I screwed the lid back on the jar. Almost at once, Shelley's fur subsided, and he began to relax. He still looked at me suspiciously, but then cats are experts at making humans feel guilty for upsetting or discomfiting them. I looked back at him with a
frown, and then I looked at the jar again. It was only water, why .should it make him go so crazy?
Maybe Alison had been right, and the water did smell of fish, or something like fish. After all, both Jimmy and I liked to smoke an occasional cigar, and perhaps our sense of smell wasn't as keen as hers. But then, Shelley didn't go berserk, even for fish. As a matter of fact, he preferred left-over pizza to almost any food you could name. He could possibly go berserk for a pepperoni, but I doubted it.
I climbed out of the car, locked it, and then I took the lid off the jar of water again and sniffed it. There was some faint trace of odour, I had to admit. Some chilly, lingering smell that was more metallic than fishy. It gave me an odd sensation for some reason, like I'd smelled something that was very strange and hostile, and I stood there in the dusk of New Milford feeling unusually lonesome. Beyond the bandstand, three or four children were playing ball in the gloom. Their laughing was like the cries of birds.

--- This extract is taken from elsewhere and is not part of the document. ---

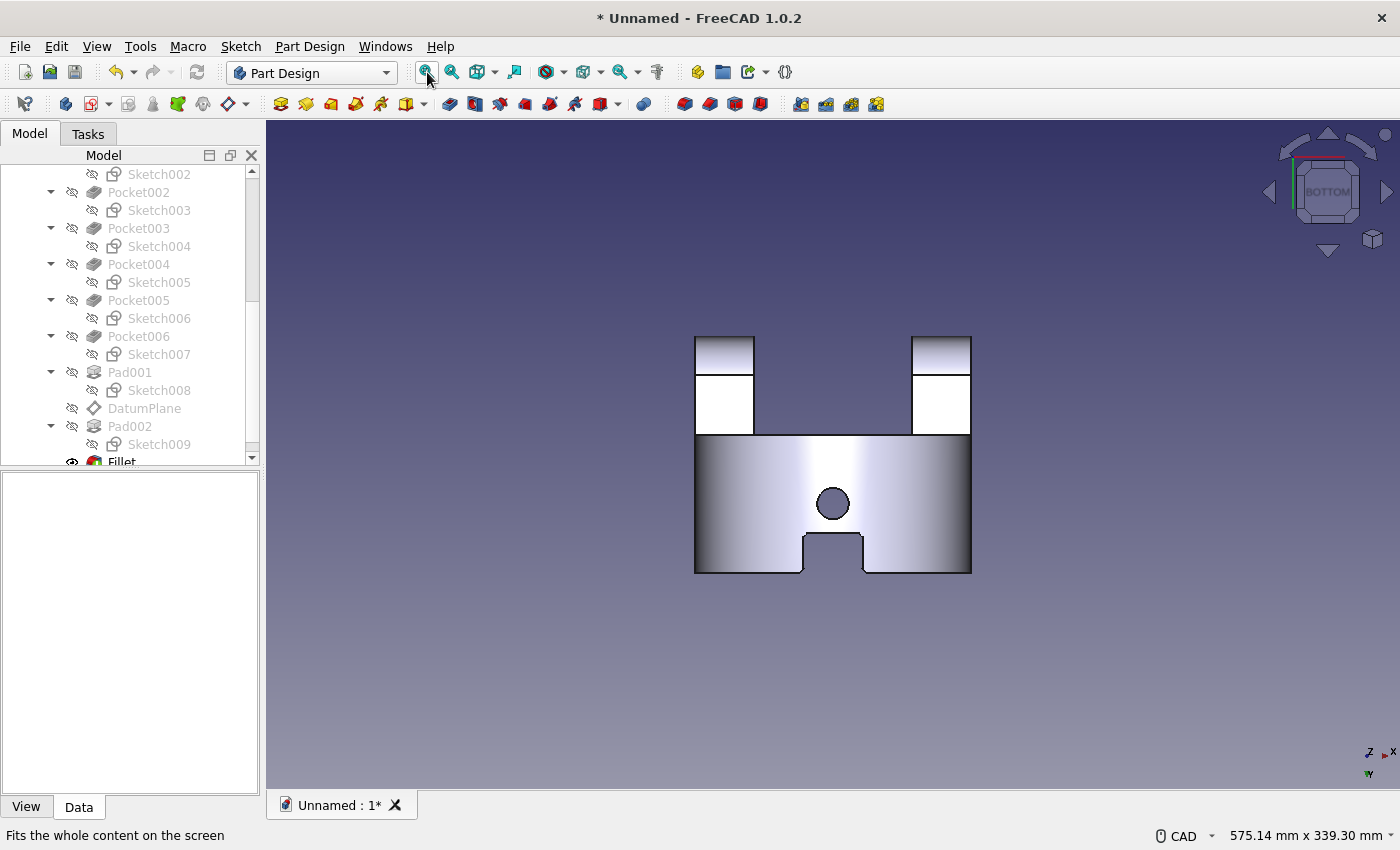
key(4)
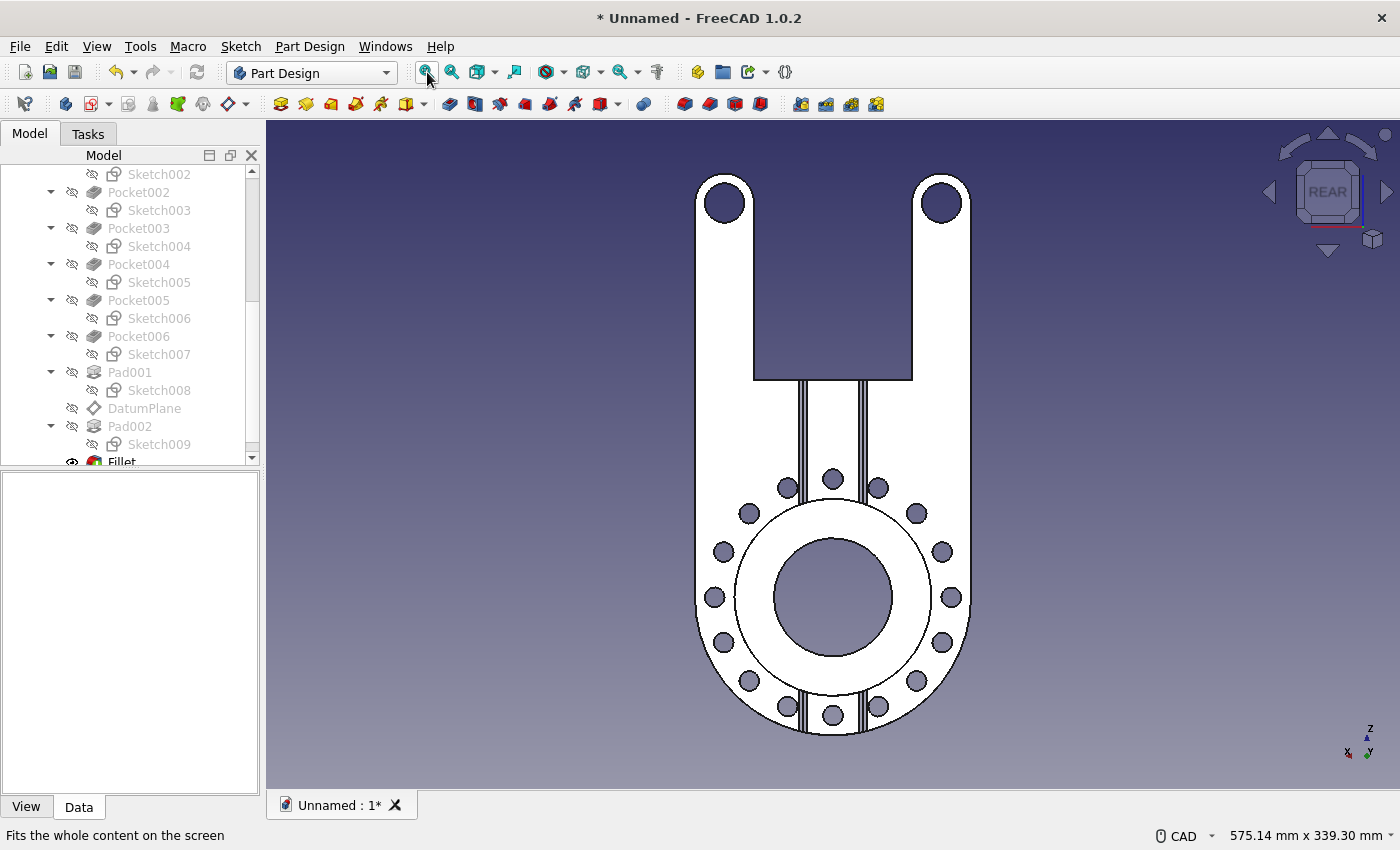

Crossing the green, I mounted the steps of the New Milford Health Department. There were still lights in the upstairs window, and I guessed that Dan Kirk and his associates were working late. I walked inside through the tall black-painted doors, and went up the broad colonial staircase until I reached the first landing. The building was brightly lit with fluorescent tubes, and painted a dull Adam green. I went up to the door marked Health Department, Private, and walked in. Mrs Wardell was sitting at her desk in the front office, all upswept glasses and red lipstick, and she said: 'Hi, Mason. What brings you down here?'
I raised the jelly jar of water. 'They're poisoning the wells,' I said, melodramatically. 'Is Dan there, or did he duck out early?'
'Did Dan duck out early? Is that a joke? Dan thinks going home at dawn is ducking out early. They have a swine disease crisis over at Sherman.'
'Can I go straight in?' I asked her.
I knocked, and went through into Dan Kirk's laboratory. Dan was there, sitting at the end of a long varnished workbench, peering into a microscope. He was young, but very bald, and in
his white laboratory coat he looked like a mad professor, or at the very worst a boiled egg. I noticed Rheta Warren there, too, and that was always good news. She was Dan's assistant researcher, on her first job since she graduated from Princeton Biological college, and compared with most of the quail around New Milford she was most provocative. She had long muddy-blonde hair, wide hazel eyes, and a figure that obviously wasn't meant to be hidden by a starched white overall. I gave her a more-than-friendly wave as I crossed the laboratory to have a word with Dan.
'The plumber cometh,' I said, and set down the jelly jar. Dan looked up from his microscope and blinked at it balefully. Then he blinked at me.
'My stars said this was going to be a silly week,' he told me.